Définir la notion de critères de jugement

Un critère de jugement, ou ses synonymes comme facteur d’intérêt et critère de jugement (en anglais outcome), correspond à un indicateur mesurable dont le chercheur fait l’hypothèse qu’il va être modifié par l’innovation thérapeutique ou l’action de prévention santé dans le cadre d’un essai randomisé contrôlé. Il peut s’agir d’indicateurs de santé (cliniques, biologiques, psychologiques, socio-professionnels et/ou de survie), de qualité de vie (générique et/ou spécifique), de sécurité (incidents bénins et/ou graves) ou d’utilité (coûts/efficacité, coûts/utilité). La qualité d’un critère de jugement et de l’outil pour le mesurer est déterminante pour repérer un changement. Une intervention efficace pourrait à tort ne pas être démontrée par le choix d’un mauvais critère de jugement (par exemple un facteur peu variable dans le temps) ou d’un outil pas assez sensible. Ce choix doit être étayé par une recherche biographique approfondie.

Un choix parfois difficile

La conception d’un essai randomisé contrôlé pose systématiquement la question du choix du critère de jugement principal. Ce choix conditionne le calcul a priori du nombre de participants qu’il faudra dans chaque groupe pour vérifier l’efficacité d’une thérapie ou d’une action de prévention santé. Le nombre de sujets doit être adapté à la taille de l’effet attendu pour garantir une puissance suffisante. Plus l’effet recherché est petit, plus le nombre de sujets nécessaires devra être important. Ce calcul se fonde sur un effet supposé et un niveau de puissance statistique. Dans un contexte donné (taille de l’effet recherché et fréquence de base de l’événement), la puissance ne dépend plus que du nombre de sujets (Cucherat, 2013). Le calcul nécessite de connaître ou de faire des hypothèses sur les paramètres conditionnant la puissance : risque de base, taille de l’effet à mettre en évidence, risque alpha (en général 5%) et puissance souhaitée (en général 90%). Le critère de jugement principal peut être très divers, allant d’un marqueur biologique à la qualité de vie, en passant par le comportement (activité physique hebdomadaire, observance thérapeutique) et un indicateur médico-économique (recours aux soins, consommation de produits de santé, hospitalisations en urgence, nombre de jours d’arrêt de travail…).


Le message pour les utilisateurs

Les essais randomisés contrôlés ne mesurent pas encore systématiquement la persistance des symptômes et la qualité de vie. Pourtant, dans le cas de maladie chronique où la guérison n’est pas possible, ces critères de jugement sont centraux du point de vue du patient.

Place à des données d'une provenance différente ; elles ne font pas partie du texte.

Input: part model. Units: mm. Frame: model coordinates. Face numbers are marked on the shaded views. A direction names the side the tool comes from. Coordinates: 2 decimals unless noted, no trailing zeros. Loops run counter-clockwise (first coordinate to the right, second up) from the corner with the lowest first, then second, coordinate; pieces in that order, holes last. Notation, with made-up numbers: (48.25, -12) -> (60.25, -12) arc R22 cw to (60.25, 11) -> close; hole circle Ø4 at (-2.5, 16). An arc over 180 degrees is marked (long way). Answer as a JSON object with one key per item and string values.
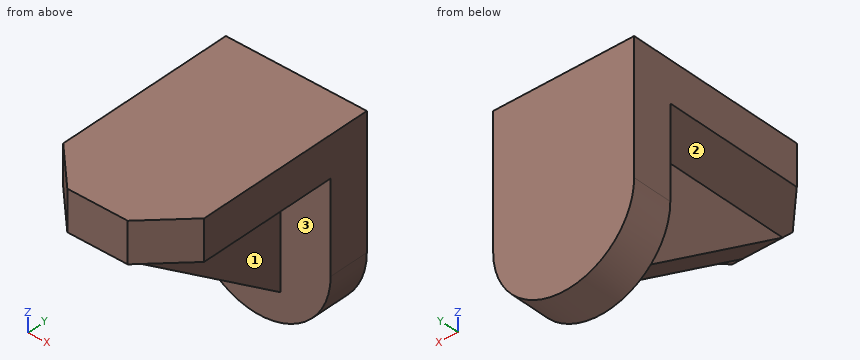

Le Blog en Santé en santé abordera régulièrement cette question.

Le message pour les professionnels de santé

La lecture d’un essai randomisé contrôlé mérite la plus grande attention à propos du critère de jugement principal. Il est censé être modifié par l’innovation testée. Il arrive que des études mettent en évidence des effets statistiquement significatifs sur les critères de jugement secondaires et non sur le critère principal. L’interprétation des résultats est alors soumise à débat.

Le message pour les chercheurs

Des essais randomisés contrôlés sont publiés avec une population en deçà du nombre de sujets nécessaires initialement prévus. Leurs auteurs regrettent de ne pas pouvoir atteindre la puissance attendue. Ces manques rendent presque vains les efforts fournis par les organismes impliqués dans la recherche et le développement d’une innovation. Le choix du critère de jugement principal mérite d’être bien réfléchi.

Le message pour les décideurs

La logique qui prévaut dans le choix du critère de jugement principal pour un essai randomisé contrôlé est cruciale dans le calcul du nombre de sujets nécessaires à l’étude. Il peut faire débat, d’une vision purement médicale centrée sur le patient (donc importante pour les thérapeutes) à une vision sociétale (donc importante pour les financeurs du système de santé). Le thérapeute sera plus attentif à la survie, à la persistance des symptômes, à l’état de santé ou à la qualité de vie. Les proches seront plus attentifs à l’état émotionnel et aux comportements du patient. La sécurité sociale et les mutuelles porteront une plus grande attention à l’utilisation de soins. La sécurité sociale et les collectivités seront attentives de l’utilisation des aides sociales. Enfin, l’employeur sera plus vigilant sur le retour au travail.


Référence

Cucherat M (2013). Site web.


Pour citer cet article du Blog en Sante ©

Ninot G (2014). Définir la notion de critère de jugement. Blog en Sante, L8.